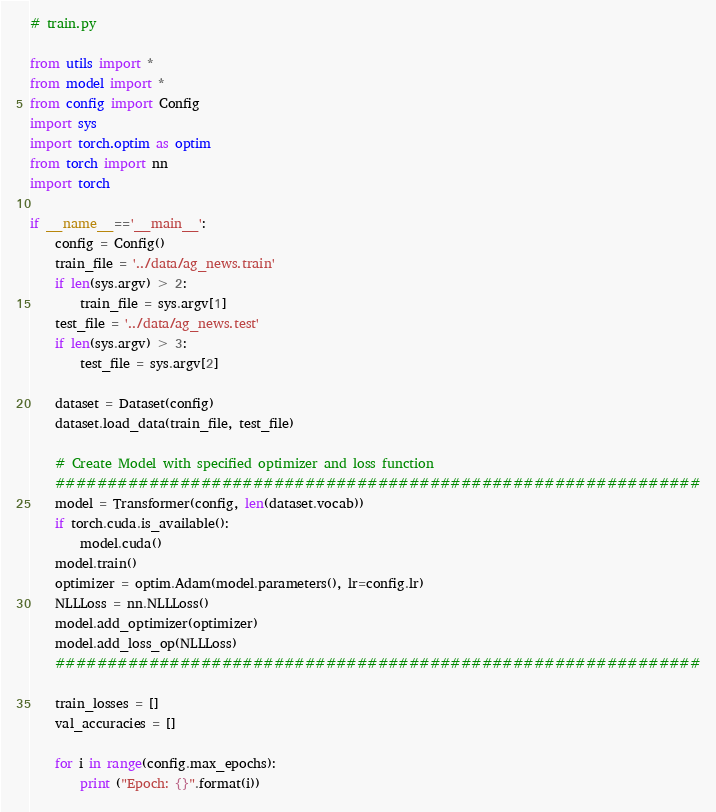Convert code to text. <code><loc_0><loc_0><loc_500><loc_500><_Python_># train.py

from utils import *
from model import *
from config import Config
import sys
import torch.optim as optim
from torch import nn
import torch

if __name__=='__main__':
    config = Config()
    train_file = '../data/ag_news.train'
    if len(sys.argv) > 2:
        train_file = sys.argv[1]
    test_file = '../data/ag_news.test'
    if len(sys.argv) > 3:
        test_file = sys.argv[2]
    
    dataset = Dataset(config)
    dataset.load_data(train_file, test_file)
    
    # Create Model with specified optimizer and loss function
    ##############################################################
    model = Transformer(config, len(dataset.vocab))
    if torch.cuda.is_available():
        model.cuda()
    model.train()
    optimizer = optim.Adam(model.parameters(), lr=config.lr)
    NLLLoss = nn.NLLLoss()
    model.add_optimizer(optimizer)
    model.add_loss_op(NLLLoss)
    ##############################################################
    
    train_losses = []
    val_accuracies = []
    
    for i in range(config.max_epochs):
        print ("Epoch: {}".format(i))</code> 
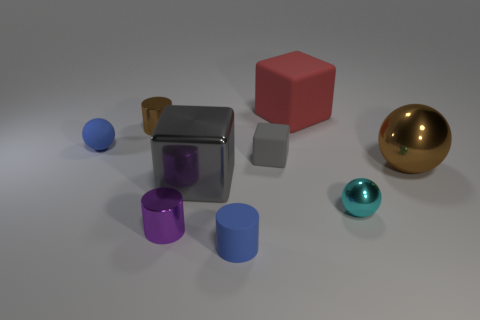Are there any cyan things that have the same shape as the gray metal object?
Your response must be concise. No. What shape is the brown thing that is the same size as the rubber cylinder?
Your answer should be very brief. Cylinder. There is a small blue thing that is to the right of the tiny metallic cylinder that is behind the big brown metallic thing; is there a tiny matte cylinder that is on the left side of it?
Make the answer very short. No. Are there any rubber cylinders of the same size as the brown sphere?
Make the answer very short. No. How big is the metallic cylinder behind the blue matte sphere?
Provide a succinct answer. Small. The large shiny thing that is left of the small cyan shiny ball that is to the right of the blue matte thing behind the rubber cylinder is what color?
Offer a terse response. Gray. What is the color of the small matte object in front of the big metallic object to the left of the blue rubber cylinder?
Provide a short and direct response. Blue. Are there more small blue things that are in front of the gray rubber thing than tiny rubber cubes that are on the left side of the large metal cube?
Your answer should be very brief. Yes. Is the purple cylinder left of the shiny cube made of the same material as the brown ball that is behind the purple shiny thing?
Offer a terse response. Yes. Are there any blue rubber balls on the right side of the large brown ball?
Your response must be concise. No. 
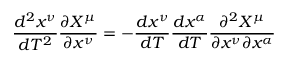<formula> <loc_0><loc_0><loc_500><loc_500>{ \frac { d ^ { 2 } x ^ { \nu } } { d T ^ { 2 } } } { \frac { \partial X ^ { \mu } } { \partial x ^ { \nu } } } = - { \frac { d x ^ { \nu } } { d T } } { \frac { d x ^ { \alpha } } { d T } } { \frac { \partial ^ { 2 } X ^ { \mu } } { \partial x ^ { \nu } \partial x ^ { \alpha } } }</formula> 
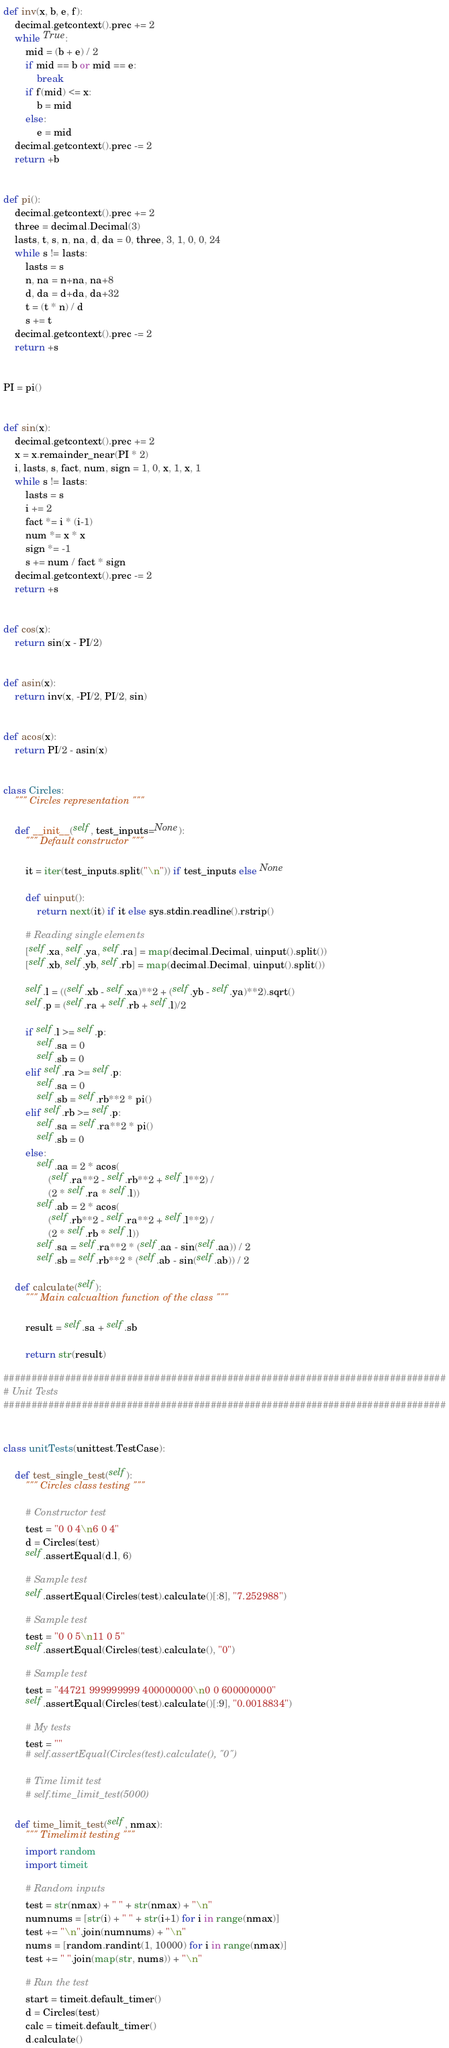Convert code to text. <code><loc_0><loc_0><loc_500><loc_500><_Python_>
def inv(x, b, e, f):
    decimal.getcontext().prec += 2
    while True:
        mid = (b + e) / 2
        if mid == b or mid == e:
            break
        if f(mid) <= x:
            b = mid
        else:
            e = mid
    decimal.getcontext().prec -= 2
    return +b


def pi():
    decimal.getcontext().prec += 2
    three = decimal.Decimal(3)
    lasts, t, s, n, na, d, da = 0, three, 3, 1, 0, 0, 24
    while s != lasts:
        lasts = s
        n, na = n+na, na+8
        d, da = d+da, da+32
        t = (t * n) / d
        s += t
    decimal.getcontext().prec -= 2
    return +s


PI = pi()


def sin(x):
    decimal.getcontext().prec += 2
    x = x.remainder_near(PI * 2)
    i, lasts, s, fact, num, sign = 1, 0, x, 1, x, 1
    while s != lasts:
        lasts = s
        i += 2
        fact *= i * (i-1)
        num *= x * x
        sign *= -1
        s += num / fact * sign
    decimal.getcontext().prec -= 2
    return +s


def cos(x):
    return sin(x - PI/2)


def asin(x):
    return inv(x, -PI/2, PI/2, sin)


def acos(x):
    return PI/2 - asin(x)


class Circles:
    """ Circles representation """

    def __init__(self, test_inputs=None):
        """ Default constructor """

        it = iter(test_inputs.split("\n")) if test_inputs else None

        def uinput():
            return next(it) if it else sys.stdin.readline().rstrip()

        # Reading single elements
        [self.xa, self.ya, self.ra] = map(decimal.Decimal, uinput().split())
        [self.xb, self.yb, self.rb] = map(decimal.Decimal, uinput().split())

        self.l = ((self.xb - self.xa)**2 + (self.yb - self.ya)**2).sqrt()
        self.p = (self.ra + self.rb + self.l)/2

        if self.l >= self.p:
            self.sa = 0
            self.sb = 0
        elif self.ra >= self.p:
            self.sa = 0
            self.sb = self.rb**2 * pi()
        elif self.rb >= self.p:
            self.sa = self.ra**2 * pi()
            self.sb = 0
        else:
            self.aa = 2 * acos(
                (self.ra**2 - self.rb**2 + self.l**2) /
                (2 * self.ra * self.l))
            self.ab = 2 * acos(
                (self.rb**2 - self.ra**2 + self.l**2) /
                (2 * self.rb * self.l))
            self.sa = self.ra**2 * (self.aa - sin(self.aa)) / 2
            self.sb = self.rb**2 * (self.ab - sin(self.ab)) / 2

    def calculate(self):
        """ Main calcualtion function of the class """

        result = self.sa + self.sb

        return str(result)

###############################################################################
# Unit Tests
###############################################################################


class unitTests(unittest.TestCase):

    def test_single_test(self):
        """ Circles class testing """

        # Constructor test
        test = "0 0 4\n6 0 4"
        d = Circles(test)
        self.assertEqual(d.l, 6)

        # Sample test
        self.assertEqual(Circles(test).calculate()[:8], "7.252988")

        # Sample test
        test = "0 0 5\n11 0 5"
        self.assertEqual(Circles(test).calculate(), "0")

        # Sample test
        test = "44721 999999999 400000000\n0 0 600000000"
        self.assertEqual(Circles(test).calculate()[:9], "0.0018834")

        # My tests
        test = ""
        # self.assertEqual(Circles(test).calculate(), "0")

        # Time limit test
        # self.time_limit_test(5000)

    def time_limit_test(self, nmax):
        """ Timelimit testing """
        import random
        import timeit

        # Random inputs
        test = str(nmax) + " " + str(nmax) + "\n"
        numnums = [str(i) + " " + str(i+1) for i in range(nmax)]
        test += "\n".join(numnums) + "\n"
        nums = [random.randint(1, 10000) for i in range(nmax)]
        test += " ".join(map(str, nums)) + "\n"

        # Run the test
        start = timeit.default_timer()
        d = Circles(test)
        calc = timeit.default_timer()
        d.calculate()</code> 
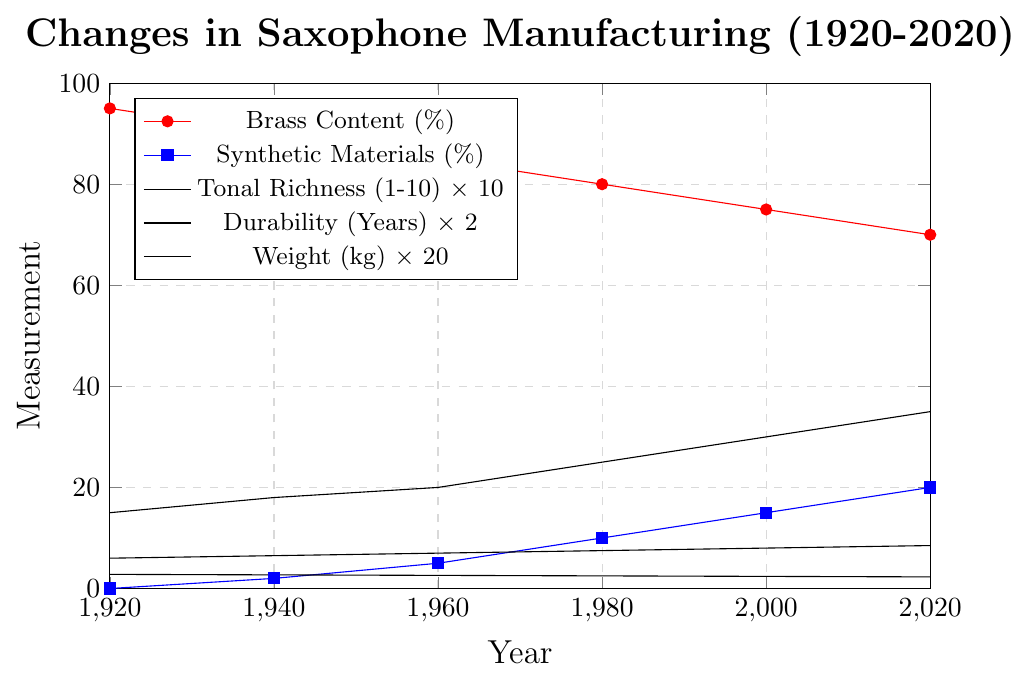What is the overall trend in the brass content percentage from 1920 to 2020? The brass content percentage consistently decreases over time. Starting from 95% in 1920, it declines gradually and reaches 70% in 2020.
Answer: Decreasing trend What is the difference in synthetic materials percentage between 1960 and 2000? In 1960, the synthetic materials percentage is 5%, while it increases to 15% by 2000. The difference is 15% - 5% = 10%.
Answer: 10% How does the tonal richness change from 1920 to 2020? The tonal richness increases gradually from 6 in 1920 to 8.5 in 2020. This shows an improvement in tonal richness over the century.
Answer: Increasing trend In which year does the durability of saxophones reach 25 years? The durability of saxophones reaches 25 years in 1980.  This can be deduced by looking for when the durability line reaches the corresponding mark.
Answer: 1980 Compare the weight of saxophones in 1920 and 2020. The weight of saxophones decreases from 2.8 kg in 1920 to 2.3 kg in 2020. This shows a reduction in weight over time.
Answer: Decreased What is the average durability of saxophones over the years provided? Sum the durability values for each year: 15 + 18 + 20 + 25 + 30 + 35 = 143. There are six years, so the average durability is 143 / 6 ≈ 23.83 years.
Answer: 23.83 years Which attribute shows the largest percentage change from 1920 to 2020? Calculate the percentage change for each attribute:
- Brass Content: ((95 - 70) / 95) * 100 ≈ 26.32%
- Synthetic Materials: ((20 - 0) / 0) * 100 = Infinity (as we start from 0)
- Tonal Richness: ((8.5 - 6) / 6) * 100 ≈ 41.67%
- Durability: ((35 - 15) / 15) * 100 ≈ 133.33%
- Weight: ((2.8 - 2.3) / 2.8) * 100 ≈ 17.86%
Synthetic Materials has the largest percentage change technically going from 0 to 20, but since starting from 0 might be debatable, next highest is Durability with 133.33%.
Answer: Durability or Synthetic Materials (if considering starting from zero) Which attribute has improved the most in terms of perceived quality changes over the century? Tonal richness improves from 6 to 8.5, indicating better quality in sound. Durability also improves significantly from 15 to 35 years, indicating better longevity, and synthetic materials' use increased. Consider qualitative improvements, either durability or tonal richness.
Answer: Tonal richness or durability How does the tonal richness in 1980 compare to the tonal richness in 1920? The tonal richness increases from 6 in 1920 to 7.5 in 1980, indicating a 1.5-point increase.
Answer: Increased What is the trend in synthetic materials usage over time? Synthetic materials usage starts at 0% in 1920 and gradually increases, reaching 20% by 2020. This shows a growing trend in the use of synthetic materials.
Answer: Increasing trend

== What needs to be done ==
Every line of the listing above that contains "with" is to be copied.

== Exercise result ==
    # Create Model with specified optimizer and loss function
Synthetic Materials has the largest percentage change technically going from 0 to 20, but since starting from 0 might be debatable, next highest is Durability with 133.33%.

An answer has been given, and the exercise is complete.